- DVD cover
- Directed by: Ivan Sen
- Written by: Ivan Sen
- Produced by: Teresa-Jayne Hanlon
- Starring: Dannielle Hall Damian Pitt
- Cinematography: Allan Collins
- Edited by: Karen Johnson
- Music by: Ivan Sen Alister Spence
- Release date: 23 May 2002;
- Running time: 90 minutes
- Country: Australia
- Language: English
- Budget: A$2.5 million
- Box office: A$548,416 (Australia)

= Beneath Clouds =

Beneath Clouds is a 2002 film by Indigenous Australian director Ivan Sen. It is the feature film debut by the two lead actors. Damian Pitt was approached by Sen on the streets of Moree, New South Wales, and had never acted before. Dannielle Hall was cast through a more traditional method, via an audition tape. Much of the support cast were local residents from Pitt's hometown of Moree.

==Plot synopsis==
Lena has an absent Irish father she longs to see and an Aboriginal mother she finds disgusting. When she breaks away, she meets up with petty criminal Vaughn who's just escaped from low security prison to reluctantly visit his dying mother.
Blonde and light-skinned, Lena remains in denial about her Aboriginal heritage; Vaughn is an angry young man with a grudge against all whites. An uneasy relationship begins to form as they hit the road heading to Sydney, taking them on a journey that's as emotional as it is physical, as revealing as it is desperate.

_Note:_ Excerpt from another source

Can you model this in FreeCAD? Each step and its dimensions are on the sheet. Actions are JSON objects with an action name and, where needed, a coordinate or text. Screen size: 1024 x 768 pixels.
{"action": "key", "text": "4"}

Initially the two reluctant travelling companions are suspicious and wary of each other, but their journey, mostly by foot and the odd lift, builds an understanding between them.
The film follows its creator's (Ivan Sen's) own experiences growing up in Inverell, NSW with an Aboriginal mother and a European father who was not around.

==Production==
The film was financed by the New South Wales Film Commission and the Australian Film Finance Corporation.

==Reception==
Only two film critics have posted reviews on the Rotten Tomatoes, both positive. Urban Cinefile Critics commented "Displaying about equal amounts of naiveté, passion and talent, Beneath Clouds establishes Sen as a filmmaker of considerable potential". Andrew Howe of eCritic.com called it "One of the few feature films to canvass the issues facing the Aboriginal community from an adolescent perspective".

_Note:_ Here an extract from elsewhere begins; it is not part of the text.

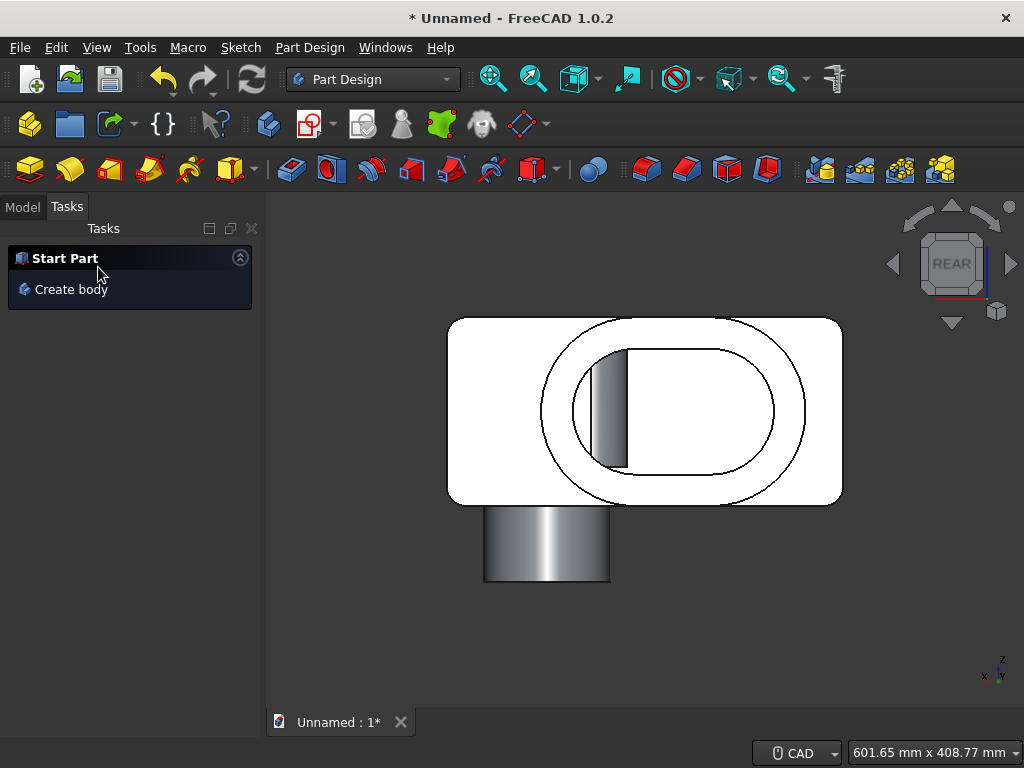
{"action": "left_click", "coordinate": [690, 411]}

Australian critic Margaret Pomeranz wrote six years later "I think this is one of the great Australian films of recent years". In her original TV review on SBS Television co-presented with David Stratton, The Movie Show, she gave it 4.5 stars and he gave it 4.

===Accolades===

| Award | Category | Subject | Result |
| AACTA Awards (2003 AFI Awards) | Best Film | Teresa-Jayne Hanlon | Nominated |
| Best Direction | Ivan Sen | Won |
| Best Original Screenplay | Nominated |
| Best Actress | Dannielle Hall | Nominated |
| Best Cinematography | Allan Collins | Won |
| Best Original Music Score | Alister Spence | Nominated |
| Ivan Sen | Nominated |
| Berlin International Film Festival | First Movie Award | Won |
| Golden Berlin Bear | Nominated |
| New Talent Award | Dannielle Hall | Won |
| FCCA Awards | Best Female Actor | Nominated |
| Best Director | Ivan Sen | Nominated |
| Best Cinematography | Allan Collins | Nominated |
| Best Music Score | Alister Spence | Nominated |
| Ivan Sen | Nominated |
| Inside Film Awards | Best Direction | Won |
| Best Actress | Dannielle Hall | Nominated |
| Best Cinematography | Allan Collins | Won |
| Best Editing | Karen Johnson | Nominated |

==Box office==
 Beneath Clouds grossed $548,416 at the box office in Australia.